▶ _Assigned task_
Would you reproduce every line of the material exactly?

▶ _Listed records_
+ + + + +

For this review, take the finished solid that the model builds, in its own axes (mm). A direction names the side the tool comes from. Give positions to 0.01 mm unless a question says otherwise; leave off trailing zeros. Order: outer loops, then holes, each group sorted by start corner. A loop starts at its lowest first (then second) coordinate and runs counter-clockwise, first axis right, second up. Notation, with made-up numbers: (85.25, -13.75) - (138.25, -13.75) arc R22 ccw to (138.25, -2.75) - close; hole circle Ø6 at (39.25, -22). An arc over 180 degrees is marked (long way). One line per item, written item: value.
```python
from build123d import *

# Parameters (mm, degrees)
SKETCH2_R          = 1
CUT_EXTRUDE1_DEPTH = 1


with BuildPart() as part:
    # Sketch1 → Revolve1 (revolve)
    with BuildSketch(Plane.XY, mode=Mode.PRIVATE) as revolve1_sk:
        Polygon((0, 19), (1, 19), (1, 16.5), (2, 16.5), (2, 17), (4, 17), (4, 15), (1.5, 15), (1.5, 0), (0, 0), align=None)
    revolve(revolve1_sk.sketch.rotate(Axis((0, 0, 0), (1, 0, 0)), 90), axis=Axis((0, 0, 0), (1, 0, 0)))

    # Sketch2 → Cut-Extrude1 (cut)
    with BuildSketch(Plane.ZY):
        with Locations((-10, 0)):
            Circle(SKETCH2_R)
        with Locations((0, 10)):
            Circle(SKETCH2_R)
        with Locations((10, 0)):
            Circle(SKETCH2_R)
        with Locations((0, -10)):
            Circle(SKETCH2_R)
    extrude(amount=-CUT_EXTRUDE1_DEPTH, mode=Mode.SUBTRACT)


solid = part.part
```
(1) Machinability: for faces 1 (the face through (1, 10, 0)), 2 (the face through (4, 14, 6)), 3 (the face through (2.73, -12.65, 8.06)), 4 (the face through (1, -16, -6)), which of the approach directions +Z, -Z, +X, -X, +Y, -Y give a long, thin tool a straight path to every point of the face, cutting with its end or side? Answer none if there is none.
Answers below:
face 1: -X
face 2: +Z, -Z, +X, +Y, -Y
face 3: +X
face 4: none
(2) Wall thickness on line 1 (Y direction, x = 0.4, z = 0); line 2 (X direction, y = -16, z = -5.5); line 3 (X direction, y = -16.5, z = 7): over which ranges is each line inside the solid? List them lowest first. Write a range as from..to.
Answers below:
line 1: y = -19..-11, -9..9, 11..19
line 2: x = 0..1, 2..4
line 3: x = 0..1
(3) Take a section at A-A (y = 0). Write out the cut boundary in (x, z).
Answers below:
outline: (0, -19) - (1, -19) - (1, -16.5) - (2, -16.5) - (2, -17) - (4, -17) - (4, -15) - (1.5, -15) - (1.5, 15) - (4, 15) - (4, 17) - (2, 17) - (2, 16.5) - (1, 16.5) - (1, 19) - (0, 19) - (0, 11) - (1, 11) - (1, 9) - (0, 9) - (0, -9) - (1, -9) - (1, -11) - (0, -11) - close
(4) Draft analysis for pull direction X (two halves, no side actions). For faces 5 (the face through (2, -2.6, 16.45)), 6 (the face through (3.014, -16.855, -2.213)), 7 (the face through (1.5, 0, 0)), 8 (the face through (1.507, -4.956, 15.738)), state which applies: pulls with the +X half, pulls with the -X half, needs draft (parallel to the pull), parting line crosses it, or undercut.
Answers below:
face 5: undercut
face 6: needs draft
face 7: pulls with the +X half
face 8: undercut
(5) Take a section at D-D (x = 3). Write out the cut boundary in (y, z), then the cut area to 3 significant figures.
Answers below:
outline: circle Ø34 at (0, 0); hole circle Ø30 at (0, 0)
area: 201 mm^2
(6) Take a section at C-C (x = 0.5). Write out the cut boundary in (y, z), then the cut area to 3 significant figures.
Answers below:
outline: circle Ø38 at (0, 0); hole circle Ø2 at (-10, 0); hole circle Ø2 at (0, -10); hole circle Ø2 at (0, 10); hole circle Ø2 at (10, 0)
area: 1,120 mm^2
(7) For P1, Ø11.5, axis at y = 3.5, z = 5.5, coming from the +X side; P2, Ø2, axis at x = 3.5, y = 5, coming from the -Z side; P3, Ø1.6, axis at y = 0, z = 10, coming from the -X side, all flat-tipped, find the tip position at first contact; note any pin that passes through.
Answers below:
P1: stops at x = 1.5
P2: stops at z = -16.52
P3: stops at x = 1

+ + + + +

▶ _Result of the task_
For this review, take the finished solid that the model builds, in its own axes (mm). A direction names the side the tool comes from. Give positions to 0.01 mm unless a question says otherwise; leave off trailing zeros. Order: outer loops, then holes, each group sorted by start corner. A loop starts at its lowest first (then second) coordinate and runs counter-clockwise, first axis right, second up. Notation, with made-up numbers: (85.25, -13.75) - (138.25, -13.75) arc R22 ccw to (138.25, -2.75) - close; hole circle Ø6 at (39.25, -22). An arc over 180 degrees is marked (long way). One line per item, written item: value.
```python
from build123d import *

# Parameters (mm, degrees)
SKETCH2_R          = 1
CUT_EXTRUDE1_DEPTH = 1


with BuildPart() as part:
    # Sketch1 → Revolve1 (revolve)
    with BuildSketch(Plane.XY, mode=Mode.PRIVATE) as revolve1_sk:
        Polygon((0, 19), (1, 19), (1, 16.5), (2, 16.5), (2, 17), (4, 17), (4, 15), (1.5, 15), (1.5, 0), (0, 0), align=None)
    revolve(revolve1_sk.sketch.rotate(Axis((0, 0, 0), (1, 0, 0)), 90), axis=Axis((0, 0, 0), (1, 0, 0)))

    # Sketch2 → Cut-Extrude1 (cut)
    with BuildSketch(Plane.ZY):
        with Locations((-10, 0)):
            Circle(SKETCH2_R)
        with Locations((0, 10)):
            Circle(SKETCH2_R)
        with Locations((10, 0)):
            Circle(SKETCH2_R)
        with Locations((0, -10)):
            Circle(SKETCH2_R)
    extrude(amount=-CUT_EXTRUDE1_DEPTH, mode=Mode.SUBTRACT)


solid = part.part
```
(1) Machinability: for faces 1 (the face through (1, 10, 0)), 2 (the face through (4, 14, 6)), 3 (the face through (2.73, -12.65, 8.06)), 4 (the face through (1, -16, -6)), which of the approach directions +Z, -Z, +X, -X, +Y, -Y give a long, thin tool a straight path to every point of the face, cutting with its end or side? Answer none if there is none.
Answers below:
face 1: -X
face 2: +Z, -Z, +X, +Y, -Y
face 3: +X
face 4: none
(2) Wall thickness on line 1 (Y direction, x = 0.4, z = 0); line 2 (X direction, y = -16, z = -5.5); line 3 (X direction, y = -16.5, z = 7): over which ranges is each line inside the solid? List them lowest first. Write a range as from..to.
Answers below:
line 1: y = -19..-11, -9..9, 11..19
line 2: x = 0..1, 2..4
line 3: x = 0..1
(3) Take a section at A-A (y = 0). Write out the cut boundary in (x, z).
Answers below:
outline: (0, -19) - (1, -19) - (1, -16.5) - (2, -16.5) - (2, -17) - (4, -17) - (4, -15) - (1.5, -15) - (1.5, 15) - (4, 15) - (4, 17) - (2, 17) - (2, 16.5) - (1, 16.5) - (1, 19) - (0, 19) - (0, 11) - (1, 11) - (1, 9) - (0, 9) - (0, -9) - (1, -9) - (1, -11) - (0, -11) - close
(4) Draft analysis for pull direction X (two halves, no side actions). For faces 5 (the face through (2, -2.6, 16.45)), 6 (the face through (3.014, -16.855, -2.213)), 7 (the face through (1.5, 0, 0)), 8 (the face through (1.507, -4.956, 15.738)), state which applies: pulls with the +X half, pulls with the -X half, needs draft (parallel to the pull), parting line crosses it, or undercut.
Answers below:
face 5: undercut
face 6: needs draft
face 7: pulls with the +X half
face 8: undercut
(5) Take a section at D-D (x = 3). Write out the cut boundary in (y, z), then the cut area to 3 significant figures.
Answers below:
outline: circle Ø34 at (0, 0); hole circle Ø30 at (0, 0)
area: 201 mm^2
(6) Take a section at C-C (x = 0.5). Write out the cut boundary in (y, z), then the cut area to 3 significant figures.
Answers below:
outline: circle Ø38 at (0, 0); hole circle Ø2 at (-10, 0); hole circle Ø2 at (0, -10); hole circle Ø2 at (0, 10); hole circle Ø2 at (10, 0)
area: 1,120 mm^2
(7) For P1, Ø11.5, axis at y = 3.5, z = 5.5, coming from the +X side; P2, Ø2, axis at x = 3.5, y = 5, coming from the -Z side; P3, Ø1.6, axis at y = 0, z = 10, coming from the -X side, all flat-tipped, find the tip position at first contact; note any pin that passes through.
Answers below:
P1: stops at x = 1.5
P2: stops at z = -16.52
P3: stops at x = 1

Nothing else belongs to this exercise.